___ DATA SUPPLIED
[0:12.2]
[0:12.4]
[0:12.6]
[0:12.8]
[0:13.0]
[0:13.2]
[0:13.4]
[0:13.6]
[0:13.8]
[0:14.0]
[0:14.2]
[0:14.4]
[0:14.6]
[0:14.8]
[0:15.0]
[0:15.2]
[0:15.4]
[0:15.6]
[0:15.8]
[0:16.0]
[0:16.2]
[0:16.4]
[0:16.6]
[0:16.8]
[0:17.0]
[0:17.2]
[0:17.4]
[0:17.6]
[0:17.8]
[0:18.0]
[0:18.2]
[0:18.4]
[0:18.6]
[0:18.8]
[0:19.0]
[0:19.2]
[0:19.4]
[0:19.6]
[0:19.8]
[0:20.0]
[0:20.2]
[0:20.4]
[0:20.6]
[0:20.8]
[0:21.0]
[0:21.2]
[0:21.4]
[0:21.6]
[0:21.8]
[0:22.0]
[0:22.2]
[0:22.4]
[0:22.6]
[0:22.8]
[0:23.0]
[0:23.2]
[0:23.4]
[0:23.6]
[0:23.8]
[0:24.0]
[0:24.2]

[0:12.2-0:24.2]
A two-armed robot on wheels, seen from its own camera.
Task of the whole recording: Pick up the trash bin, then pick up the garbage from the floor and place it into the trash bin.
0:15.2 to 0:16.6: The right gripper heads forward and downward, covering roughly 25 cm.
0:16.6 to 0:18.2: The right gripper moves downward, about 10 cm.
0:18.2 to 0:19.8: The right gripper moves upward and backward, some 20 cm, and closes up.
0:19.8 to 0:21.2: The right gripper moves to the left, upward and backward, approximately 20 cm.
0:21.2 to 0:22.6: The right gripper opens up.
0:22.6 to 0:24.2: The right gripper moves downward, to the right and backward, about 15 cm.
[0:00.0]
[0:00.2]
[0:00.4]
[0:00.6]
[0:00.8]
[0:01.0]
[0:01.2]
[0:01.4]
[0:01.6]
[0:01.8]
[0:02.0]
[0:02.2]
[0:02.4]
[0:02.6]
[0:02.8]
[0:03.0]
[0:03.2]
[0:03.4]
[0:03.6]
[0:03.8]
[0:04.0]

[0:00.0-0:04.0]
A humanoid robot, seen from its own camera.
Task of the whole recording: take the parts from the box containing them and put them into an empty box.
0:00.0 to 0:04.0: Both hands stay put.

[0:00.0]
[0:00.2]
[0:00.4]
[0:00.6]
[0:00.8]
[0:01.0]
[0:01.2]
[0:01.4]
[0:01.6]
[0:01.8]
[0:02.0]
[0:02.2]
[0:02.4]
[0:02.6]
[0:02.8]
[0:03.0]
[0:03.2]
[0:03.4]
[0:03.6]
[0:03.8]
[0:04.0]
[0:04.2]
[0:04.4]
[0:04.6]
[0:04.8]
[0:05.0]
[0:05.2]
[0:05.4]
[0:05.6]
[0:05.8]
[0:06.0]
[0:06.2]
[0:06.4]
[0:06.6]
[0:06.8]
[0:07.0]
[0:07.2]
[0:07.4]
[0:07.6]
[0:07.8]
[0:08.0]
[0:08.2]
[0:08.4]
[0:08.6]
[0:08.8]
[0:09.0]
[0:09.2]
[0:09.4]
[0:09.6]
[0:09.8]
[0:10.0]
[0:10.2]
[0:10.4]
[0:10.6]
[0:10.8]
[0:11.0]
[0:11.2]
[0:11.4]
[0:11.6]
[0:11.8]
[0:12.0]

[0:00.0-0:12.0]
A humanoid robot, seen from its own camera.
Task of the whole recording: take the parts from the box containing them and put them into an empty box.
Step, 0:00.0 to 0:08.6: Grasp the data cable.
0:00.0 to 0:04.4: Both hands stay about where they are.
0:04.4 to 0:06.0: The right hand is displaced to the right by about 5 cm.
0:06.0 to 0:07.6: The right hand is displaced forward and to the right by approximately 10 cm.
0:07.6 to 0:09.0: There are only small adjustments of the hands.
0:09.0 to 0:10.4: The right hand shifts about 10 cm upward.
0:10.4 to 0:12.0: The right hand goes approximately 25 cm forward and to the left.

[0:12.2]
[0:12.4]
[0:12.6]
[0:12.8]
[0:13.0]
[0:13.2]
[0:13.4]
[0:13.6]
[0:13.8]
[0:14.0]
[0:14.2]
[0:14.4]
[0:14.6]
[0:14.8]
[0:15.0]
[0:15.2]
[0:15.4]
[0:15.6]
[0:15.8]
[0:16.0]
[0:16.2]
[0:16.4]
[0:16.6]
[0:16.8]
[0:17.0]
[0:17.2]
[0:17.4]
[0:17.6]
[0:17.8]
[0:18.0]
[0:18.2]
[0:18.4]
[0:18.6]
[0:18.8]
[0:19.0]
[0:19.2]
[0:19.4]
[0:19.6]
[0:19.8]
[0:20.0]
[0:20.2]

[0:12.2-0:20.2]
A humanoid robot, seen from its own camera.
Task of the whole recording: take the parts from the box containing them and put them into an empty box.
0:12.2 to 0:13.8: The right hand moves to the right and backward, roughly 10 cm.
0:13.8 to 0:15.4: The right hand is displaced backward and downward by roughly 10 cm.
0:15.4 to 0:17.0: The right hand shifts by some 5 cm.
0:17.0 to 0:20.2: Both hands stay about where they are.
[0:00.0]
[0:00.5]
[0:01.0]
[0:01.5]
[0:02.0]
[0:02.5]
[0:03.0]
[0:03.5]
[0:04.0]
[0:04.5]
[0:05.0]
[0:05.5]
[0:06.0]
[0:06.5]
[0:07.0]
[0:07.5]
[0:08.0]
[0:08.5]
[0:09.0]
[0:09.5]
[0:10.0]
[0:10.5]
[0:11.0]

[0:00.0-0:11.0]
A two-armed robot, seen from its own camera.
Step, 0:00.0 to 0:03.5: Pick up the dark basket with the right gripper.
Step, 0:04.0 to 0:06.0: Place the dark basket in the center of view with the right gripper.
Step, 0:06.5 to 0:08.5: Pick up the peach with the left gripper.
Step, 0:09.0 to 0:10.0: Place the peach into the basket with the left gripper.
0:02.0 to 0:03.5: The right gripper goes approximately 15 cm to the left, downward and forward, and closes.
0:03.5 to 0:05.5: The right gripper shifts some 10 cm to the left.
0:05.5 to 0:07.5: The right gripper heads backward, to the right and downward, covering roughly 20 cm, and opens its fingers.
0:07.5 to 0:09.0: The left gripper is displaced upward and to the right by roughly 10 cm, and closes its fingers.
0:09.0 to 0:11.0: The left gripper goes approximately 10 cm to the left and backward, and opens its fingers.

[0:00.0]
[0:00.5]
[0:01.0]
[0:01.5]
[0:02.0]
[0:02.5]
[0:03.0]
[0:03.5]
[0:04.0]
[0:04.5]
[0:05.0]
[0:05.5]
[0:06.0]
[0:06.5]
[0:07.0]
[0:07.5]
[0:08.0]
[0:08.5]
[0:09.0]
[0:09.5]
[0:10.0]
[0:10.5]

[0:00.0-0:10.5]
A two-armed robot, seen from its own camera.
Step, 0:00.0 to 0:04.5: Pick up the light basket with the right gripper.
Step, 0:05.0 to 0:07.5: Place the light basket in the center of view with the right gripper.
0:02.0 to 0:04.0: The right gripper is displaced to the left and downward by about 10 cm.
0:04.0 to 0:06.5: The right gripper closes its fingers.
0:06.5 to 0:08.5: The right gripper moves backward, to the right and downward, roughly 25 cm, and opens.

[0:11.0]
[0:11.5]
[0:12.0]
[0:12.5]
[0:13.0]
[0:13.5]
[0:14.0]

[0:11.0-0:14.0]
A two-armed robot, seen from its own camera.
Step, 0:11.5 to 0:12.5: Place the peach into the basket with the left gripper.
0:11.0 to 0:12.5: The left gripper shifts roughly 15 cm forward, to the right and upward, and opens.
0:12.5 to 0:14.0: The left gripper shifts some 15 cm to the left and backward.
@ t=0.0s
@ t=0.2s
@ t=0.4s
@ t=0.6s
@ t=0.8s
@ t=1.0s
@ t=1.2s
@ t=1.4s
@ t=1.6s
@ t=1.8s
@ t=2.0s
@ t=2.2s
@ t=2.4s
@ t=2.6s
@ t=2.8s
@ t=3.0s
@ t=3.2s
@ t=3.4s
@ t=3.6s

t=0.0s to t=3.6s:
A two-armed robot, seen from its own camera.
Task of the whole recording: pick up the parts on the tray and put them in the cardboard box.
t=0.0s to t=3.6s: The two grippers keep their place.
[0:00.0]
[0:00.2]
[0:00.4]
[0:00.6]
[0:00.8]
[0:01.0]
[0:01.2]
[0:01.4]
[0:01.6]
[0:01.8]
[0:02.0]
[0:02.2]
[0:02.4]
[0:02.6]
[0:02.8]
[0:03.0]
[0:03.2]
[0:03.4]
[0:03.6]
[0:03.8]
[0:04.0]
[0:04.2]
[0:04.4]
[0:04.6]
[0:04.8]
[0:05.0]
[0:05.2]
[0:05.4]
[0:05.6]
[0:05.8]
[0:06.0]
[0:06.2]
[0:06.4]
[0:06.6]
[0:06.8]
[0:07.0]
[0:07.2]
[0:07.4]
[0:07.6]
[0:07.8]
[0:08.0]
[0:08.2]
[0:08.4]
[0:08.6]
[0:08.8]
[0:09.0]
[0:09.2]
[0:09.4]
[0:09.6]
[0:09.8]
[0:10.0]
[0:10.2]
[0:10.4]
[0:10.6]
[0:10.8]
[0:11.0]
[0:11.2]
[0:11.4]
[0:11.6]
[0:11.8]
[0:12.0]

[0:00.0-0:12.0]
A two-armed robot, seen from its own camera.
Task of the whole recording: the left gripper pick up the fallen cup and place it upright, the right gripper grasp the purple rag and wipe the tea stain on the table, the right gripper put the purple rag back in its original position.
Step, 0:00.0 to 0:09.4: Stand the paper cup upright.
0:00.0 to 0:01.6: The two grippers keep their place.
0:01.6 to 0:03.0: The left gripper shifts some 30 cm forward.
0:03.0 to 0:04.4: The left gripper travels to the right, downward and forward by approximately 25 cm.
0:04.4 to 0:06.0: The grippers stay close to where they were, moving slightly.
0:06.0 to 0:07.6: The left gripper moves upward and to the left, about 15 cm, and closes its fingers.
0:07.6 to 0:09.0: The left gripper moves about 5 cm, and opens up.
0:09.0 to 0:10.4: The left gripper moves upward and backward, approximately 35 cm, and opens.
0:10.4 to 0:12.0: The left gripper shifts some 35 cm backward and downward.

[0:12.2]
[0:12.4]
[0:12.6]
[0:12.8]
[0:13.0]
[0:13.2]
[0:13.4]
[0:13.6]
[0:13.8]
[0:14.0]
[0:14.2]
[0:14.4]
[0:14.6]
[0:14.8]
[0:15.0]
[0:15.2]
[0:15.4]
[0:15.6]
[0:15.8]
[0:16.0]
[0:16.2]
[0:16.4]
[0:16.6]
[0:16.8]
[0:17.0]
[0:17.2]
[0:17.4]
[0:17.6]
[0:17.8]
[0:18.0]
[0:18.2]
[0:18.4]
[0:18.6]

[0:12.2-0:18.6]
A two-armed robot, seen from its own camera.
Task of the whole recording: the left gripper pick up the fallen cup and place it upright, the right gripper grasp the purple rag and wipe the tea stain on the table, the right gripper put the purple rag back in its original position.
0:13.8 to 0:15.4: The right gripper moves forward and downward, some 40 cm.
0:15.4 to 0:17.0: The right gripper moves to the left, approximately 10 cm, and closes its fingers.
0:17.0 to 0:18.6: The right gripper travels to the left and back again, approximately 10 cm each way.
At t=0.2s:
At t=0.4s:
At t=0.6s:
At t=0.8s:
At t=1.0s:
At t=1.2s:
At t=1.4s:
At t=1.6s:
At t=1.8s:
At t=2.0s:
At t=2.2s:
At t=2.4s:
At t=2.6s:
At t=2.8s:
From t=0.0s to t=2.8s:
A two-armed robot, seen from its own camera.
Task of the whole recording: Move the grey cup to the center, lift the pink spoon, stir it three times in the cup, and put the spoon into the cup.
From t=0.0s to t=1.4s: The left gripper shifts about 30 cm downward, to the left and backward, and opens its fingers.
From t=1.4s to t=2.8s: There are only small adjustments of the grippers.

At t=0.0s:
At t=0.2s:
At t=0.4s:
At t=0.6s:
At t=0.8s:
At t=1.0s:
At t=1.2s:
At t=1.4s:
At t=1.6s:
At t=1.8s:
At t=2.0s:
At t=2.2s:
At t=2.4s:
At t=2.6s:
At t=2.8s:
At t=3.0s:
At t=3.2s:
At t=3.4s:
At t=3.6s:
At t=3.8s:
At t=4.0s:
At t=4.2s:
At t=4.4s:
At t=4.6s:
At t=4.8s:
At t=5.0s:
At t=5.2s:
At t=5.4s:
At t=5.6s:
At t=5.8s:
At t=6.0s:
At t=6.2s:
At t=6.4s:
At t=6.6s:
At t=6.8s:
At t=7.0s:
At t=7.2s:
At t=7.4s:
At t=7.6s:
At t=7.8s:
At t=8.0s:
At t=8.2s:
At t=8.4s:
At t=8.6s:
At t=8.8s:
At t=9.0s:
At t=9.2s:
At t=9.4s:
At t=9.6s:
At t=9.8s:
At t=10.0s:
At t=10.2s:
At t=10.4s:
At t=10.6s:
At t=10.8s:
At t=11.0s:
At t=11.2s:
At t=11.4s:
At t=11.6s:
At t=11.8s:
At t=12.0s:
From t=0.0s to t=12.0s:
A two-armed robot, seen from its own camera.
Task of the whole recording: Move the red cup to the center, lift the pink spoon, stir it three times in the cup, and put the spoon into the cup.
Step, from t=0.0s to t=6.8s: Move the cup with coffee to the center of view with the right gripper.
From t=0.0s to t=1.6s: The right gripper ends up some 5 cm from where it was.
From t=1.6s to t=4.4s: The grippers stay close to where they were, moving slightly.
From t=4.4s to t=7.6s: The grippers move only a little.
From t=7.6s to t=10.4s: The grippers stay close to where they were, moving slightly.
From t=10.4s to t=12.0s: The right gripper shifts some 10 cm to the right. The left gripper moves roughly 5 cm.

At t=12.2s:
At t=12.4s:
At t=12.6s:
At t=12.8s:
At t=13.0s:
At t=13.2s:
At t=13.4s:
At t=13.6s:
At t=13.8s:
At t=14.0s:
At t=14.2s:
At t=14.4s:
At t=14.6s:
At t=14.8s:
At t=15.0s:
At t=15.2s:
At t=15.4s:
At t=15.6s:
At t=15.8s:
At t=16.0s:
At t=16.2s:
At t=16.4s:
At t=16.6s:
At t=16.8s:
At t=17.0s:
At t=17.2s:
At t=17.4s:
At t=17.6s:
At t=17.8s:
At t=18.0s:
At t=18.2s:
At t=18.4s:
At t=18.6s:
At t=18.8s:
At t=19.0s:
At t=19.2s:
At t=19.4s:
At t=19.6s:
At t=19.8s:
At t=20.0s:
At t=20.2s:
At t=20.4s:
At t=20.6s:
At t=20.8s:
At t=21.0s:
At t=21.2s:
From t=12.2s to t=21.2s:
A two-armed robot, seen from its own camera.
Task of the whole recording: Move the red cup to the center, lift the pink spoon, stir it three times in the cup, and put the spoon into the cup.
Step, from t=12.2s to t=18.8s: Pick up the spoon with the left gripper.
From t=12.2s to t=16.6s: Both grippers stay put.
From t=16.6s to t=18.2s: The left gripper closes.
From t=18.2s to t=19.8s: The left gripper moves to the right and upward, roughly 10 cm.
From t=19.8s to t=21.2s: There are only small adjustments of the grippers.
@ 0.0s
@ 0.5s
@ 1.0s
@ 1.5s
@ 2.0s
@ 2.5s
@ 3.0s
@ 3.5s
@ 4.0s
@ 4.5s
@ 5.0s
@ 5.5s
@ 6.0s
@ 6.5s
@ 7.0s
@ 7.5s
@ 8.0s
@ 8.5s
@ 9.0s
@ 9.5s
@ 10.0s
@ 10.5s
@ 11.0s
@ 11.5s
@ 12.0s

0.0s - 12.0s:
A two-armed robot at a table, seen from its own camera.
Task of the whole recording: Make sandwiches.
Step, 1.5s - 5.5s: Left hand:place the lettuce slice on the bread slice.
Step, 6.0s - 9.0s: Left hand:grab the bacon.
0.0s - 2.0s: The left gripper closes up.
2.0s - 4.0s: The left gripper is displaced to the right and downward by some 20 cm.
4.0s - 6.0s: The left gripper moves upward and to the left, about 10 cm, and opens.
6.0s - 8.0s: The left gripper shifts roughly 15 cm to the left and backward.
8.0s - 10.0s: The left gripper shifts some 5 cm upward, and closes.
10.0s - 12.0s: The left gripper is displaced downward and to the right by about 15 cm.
______
EXERCISE OBJECTIVE
From the opening line of the data above, please print each line as written up to and including the line that contains "[0:12.2-0:24.2]", and nothing more.

TASK OUTPUT
[0:12.2]
[0:12.4]
[0:12.6]
[0:12.8]
[0:13.0]
[0:13.2]
[0:13.4]
[0:13.6]
[0:13.8]
[0:14.0]
[0:14.2]
[0:14.4]
[0:14.6]
[0:14.8]
[0:15.0]
[0:15.2]
[0:15.4]
[0:15.6]
[0:15.8]
[0:16.0]
[0:16.2]
[0:16.4]
[0:16.6]
[0:16.8]
[0:17.0]
[0:17.2]
[0:17.4]
[0:17.6]
[0:17.8]
[0:18.0]
[0:18.2]
[0:18.4]
[0:18.6]
[0:18.8]
[0:19.0]
[0:19.2]
[0:19.4]
[0:19.6]
[0:19.8]
[0:20.0]
[0:20.2]
[0:20.4]
[0:20.6]
[0:20.8]
[0:21.0]
[0:21.2]
[0:21.4]
[0:21.6]
[0:21.8]
[0:22.0]
[0:22.2]
[0:22.4]
[0:22.6]
[0:22.8]
[0:23.0]
[0:23.2]
[0:23.4]
[0:23.6]
[0:23.8]
[0:24.0]
[0:24.2]

[0:12.2-0:24.2]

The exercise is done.